Social and economic change on Morocco’s agenda
Prime Minister Benkirane’s government needs to take significant action to satisfy a young population that is demanding wide-ranging reforms, writes Bassam Aoun.
Even the momentum experienced by a ruling monarchy that is over one thousand years old can be hampered by the intransigence of a looming regional crisis. Since the beginning of a Moroccan social movement on February 20, 2011, mass reforms have been advocated for on a regular basis, most of which are directed towards the administration’s mismanagement of the economy.
Protests against Prime Minister Benkirane’s government are scheduled on what essentially seems to be a weekly basis. Crowds of Moroccans, including the February 20 youth movement who began the struggle for wide reforms in early 2011, gather throughout the nation to call for wide-ranging reforms to the social order.
These include transforming the current allocation of expenditures that the government has made in attempting to kick start the nation’s economy. With slowed growth rates projected for the future, an expanding budget deficit, and almost a third of the youth without jobs, the state of the market seems to be sinking with every passing business cycle. The mass demonstrations, the latest of which was held last week in Rabat, will supposedly continue until King Mohammed VI and his authorities implement meaningful fiscal reforms.
Interestingly enough, a majority of the reforms that the people have been calling for have been discussed on a national level years before the protests even began.

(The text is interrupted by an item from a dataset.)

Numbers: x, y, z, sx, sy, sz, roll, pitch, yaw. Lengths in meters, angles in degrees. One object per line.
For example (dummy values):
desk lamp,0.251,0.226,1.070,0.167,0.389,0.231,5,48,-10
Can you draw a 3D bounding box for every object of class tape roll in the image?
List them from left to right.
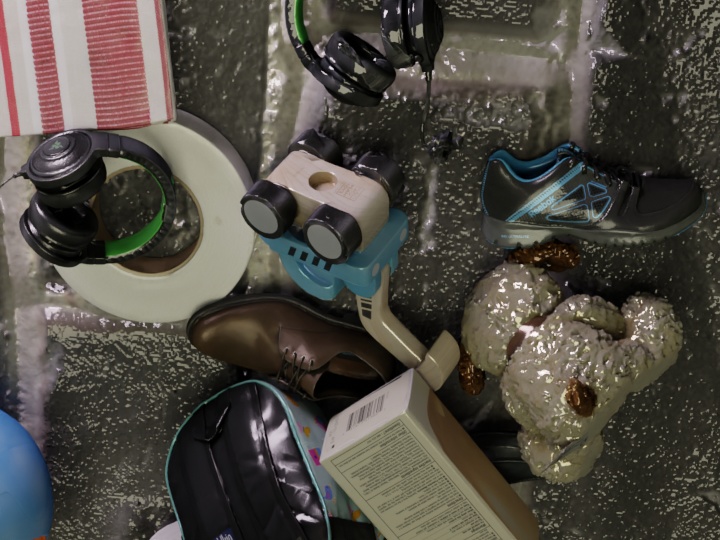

Within the past few years, practically the last decade, there have been significant strides towards opening up the investment market by alleviating regulations and liberalizing capital activity in key sectors of theeconomy. According to a report compiled by the Heritage Foundation, Morocco’s overall economic freedom has been experiencing an upward trend.
This past year, however, it has witnessed a decline in the general measure, fueled by a number of variables. Fiscal freedom, for example, is below the world average. Labor and trade freedom follow a similar pattern. All of these figures are indicators of the difficulties entrepreneurs and SMEs face when operating in the Arab nation, even though it has been estimated that they make up approximately 95% of Morocco’s private sector.
International development agencies have recently caught wind of these issues and others alike. By developing customized loan programs, they are consequently seeking to bolster the government’s finances with the intent of alleviating some of the pernicious regulatory barriers in the market. One such program is the World Bank’s recently approved First Economic Competitiveness Development Policy Loan, which was given the green light in mid-March.
According to the Bank’s press release, the $160 million loan will provide support towards existent reforms in Morocco’s private sector. These include improving some of the aforementioned measures from the economic freedom report, such as streamlining investment procedures and increasing transparency in trade transactions, which will augment trade freedom figures. A much-needed modification will also be the restructuring of business regulation reforms; the monetary cost of completing all licensing requirements for entrepreneurs comes out to more than twice the average annual income.
The anticipated result for the program is to encourage an atmosphere of competition in the marketplace, which would theoretically lead to additional employment and increased economic growth. The implicit logic behind this is that if some form of alleviation from social pressures can be achieved for Benkirane’s administration, then the path to a stable democratic environment is less turbulent. Some parties, however, have not been as acquiescent to the idea of a broad fiscal overhaul.
The adjustments in some of Morocco’s subsidy and tax rates were met with dire opposition by national labor unions. Recent protests have centered on the administration’s intentions of increasing the transparency of the unions’ finances, which may open the door to further regulation, such as withholding the salaries of any members who participate in a labor strike. There are also plans to scale back vital subsidies that the nation’s lower social classes depend on, particularly fuel and food programs. Pensions will not go untouched either, even though modifications to the system could assist in alleviating the nation’s budget deficit, which according to Bank Al-Maghrib is expected to reach 5.5% of GDP this year.
Regardless of these fiscal sacrifices, some sectors will experience a boost to their productivity; this will stem from additional loan programs such as the Social and Integrated Agriculture Project. Approved on the same day as the aforementioned loan package from the World Bank, the initiative will increase the technical capacity of marginalized farming areas throughout the nation. Morocco’s phosphate industry, a state-run staple of the economy, has also recently received a $150 million loan from the Islamic Development Bank, which seeks to fund construction activities and broad repairs to the industry’s facilities.
Prime Minister Benkirane’s administration is receiving significant financial support from abroad, and while the reforms may be essential for ensuring economic prosperity in the long run, many believe that the short-term costs have to be regulated. In the same economic freedom report used earlier, the Heritage Foundation found that Morocco’s rule of law measure is still below the world average. Unless the Islamist-led government can convince the populace that its battle against corruption is making progress, the potential benefits from these fiscal reforms are in danger of being nullified by further social unrest in the near future.
Bassam Aoun is currently based in Abu Dhabi and holds a BA in Economics from the American University of Beirut and a Master of Public Policy from the University of Chicago. He has written for the Chicago Policy Review and is interested in economic and fiscal policy in the Middle East.